Desafio da Distribuição Médica no Brasil: Formar é Apenas o Primeiro Passo

Apesar do aumento no número de médicos, a desigualdade regional compromete o acesso à saúde e exige políticas eficazes de fixação profissional

Mesmo com o crescimento constante no número de profissionais médicos no Brasil, a distribuição desigual desses profissionais continua comprometendo o acesso à saúde em diversas regiões do país. É o que alerta o cardiologista e presidente da Associação de Hospitais do Estado de São Paulo (AHOSP), Dr. Anis Mitri.

De acordo com o estudo Demografia Médica no Brasil 2025, o país conta atualmente com uma média de 3,08 médicos por 1.000 habitantes, representando um aumento em relação a anos anteriores e um índice considerado adequado pelos padrões internacionais. Contudo, as desigualdades regionais continuam marcantes: na Região Norte, a razão é de apenas 1,70 médico por 1.000 habitantes, enquanto no Sudeste o índice chega a 3,77 e no Centro-Oeste a 3,44. Estados como o Maranhão (1,27) e o Pará (1,37) estão entre os que apresentam menor densidade médica. O relatório também mostra que municípios pequenos — especialmente aqueles com menos de 20 mil habitantes — enfrentam grave escassez de profissionais, com menos de 1 médico por 1.000 habitantes, revelando uma distribuição ainda desigual e uma carência persistente na Atenção Primária à Saúde.
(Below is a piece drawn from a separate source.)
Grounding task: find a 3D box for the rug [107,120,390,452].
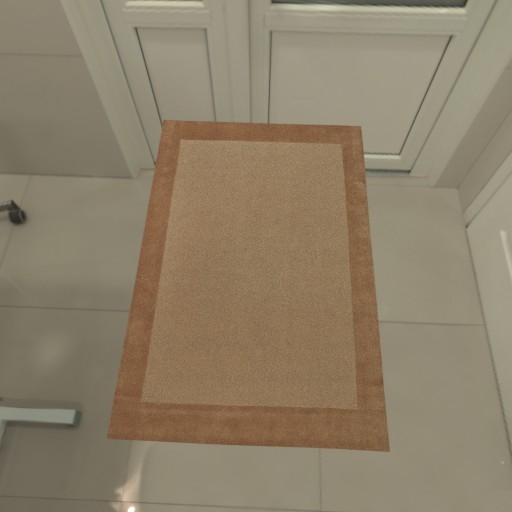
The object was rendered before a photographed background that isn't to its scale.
[{"bbox_3d":[0.000,0.000,2.317,1.219,0.014,1.829,2,63,1],"label":"rug"}]
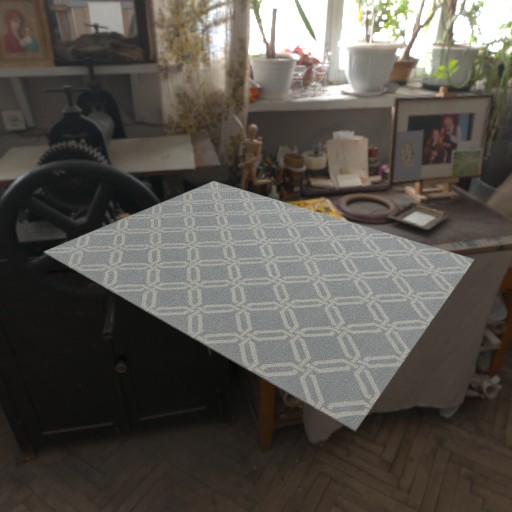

“O grande gargalo não é apenas quantos médicos formamos, é onde estes profissionais estão. Formamos muitos médicos, mas não conseguimos mantê-los onde mais se precisa deles”, ressalta Mitri. O especialista destaca que as grandes capitais concentram mais de 50% dos médicos do país, enquanto o interior e as periferias seguem com escassez crônica de profissionais.

Os dados mostram que, embora o número de médicos no Brasil tenha aumentado entre 2010 e 2025, a interiorização da medicina ainda avança lentamente. Muitos municípios enfrentam obstáculos para contratar e manter médicos, como salários insuficientes, falta de infraestrutura, insegurança e escassas oportunidades de crescimento profissional. “Não basta abrir mais vagas em faculdades. É preciso oferecer remuneração justa, infraestrutura adequada, segurança e oportunidades de desenvolvimento profissional para que o médico escolha permanecer onde é mais necessário”, defende o presidente da AHOSP.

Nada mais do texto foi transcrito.